Just weeks after President Joe Biden issued a mass marijuana pardon and directed a review of the drug’s scheduling status, the U.S. Senate approved House-passed bipartisan cannabis research bill on Wednesday. It marks the first time a standalone piece of marijuana reform legislation has ever been sent to the president’s desk.

Just before the vote, Senate Majority Leader Chuck Schumer (D-NY) said on the floor that he is continuing to have “productive talks” about a broader package of cannabis reforms he hopes to pass before the end of the lame duck session.

In the meantime, while numerous marijuana measures have been filed and advanced in each chamber in recent sessions, reform has consistently stalled before reaching the president. But now, the “Medical Marijuana and Cannabidiol Research Expansion Act” is just one signature away from historic enactment.

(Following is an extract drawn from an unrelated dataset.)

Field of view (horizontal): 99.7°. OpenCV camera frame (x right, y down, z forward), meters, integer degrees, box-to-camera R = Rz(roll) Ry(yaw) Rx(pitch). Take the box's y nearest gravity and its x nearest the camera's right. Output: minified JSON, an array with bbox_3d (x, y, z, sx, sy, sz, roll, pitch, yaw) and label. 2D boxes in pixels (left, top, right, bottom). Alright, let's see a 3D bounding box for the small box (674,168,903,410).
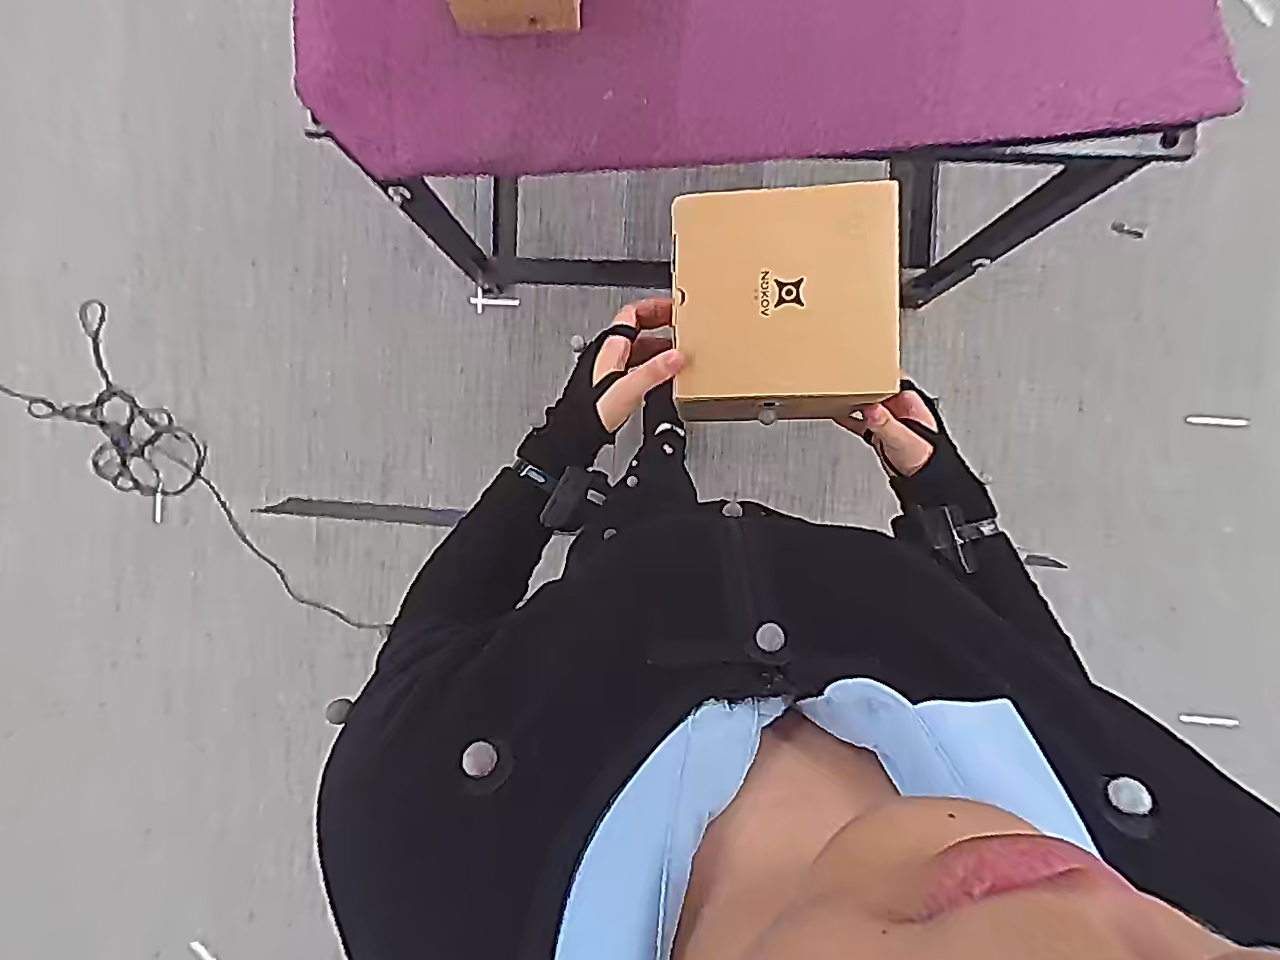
[{"bbox_3d":[0.123,-0.157,0.501,0.179,0.176,0.168,0,90,8],"label":"small box"}]

The bill was filed in July and quickly moved through the House before being taken up by the Senate, which approved the legislation under unanimous consent.

The latest vote came one day after a House subcommittee held a hearing on cannabis legalization.

Senate leadership had planned to pass the measure in late September, but Sen. John Cornyn (R-TX) objected to the expedited process despite his stated support for marijuana research—delaying the action while the senators left for a multi-week recess around the midterm elections.

That hold was pulled on Tuesday, clearing its path to the Senate floor.

The bill “would eliminate the red tape that hinders cannabis research, opening the door for new innovative treatments derived from cannabis,” Schumer said ahead of the vote. “If you’re one of the millions of Americans who deals with conditions like Parkinson’s or epilepsy or post-traumatic stress, or any number of other conditions, cannabis might hold promising new options for managing these diseases.”

“We need to do the research first,” he said. “And the federal government, sadly, has been woefully behind the times on this front. This bill will help fix that.”

The majority leader then turned to the issue of further reforms.

“I hope after passing this bill the Senate can make progress on other cannabis legislation, too,” he said. “I’m still holding productive talks with Democratic and Republican colleagues in the House and the Senate on moving additional bipartisan cannabis legislation in the lame duck.”

“We’re going to try very, very hard to get it done,” Schumer said. “It’s not easy, but we’re making good progress. I thank my colleagues for the the excellent work on this [research] bill and hope it portends more good cannabis legislation to come.”

For the research legislation, Reps. Earl Blumenauer (D-OR) and Andy Harris (R-MD) sponsored the House version, which is substantively identical to a Senate bill from Sens. Dianne Feinstein (D-CA), Brian Schatz (D-HI) and Chuck Grassley (R-IA) that previously cleared that chamber.

The bipartisan nature of the legislation is evidenced by both the fact that its sponsors are diametrically opposed on broader marijuana reform policy and that leadership had agreed to an expedited legislative process prior to Cornyn’s objection.

Senate majority and minority leaders had agreed in September to “hotline” the bill, contacting members to give them a relatively short window of time to voice any objections to the legislation. A House source told Marijuana Moment at the time that Cornyn held up the cannabis bill, as well as other House legislation, because of broader frustrations that the opposite chamber hadn’t acted on his own unrelated proposals.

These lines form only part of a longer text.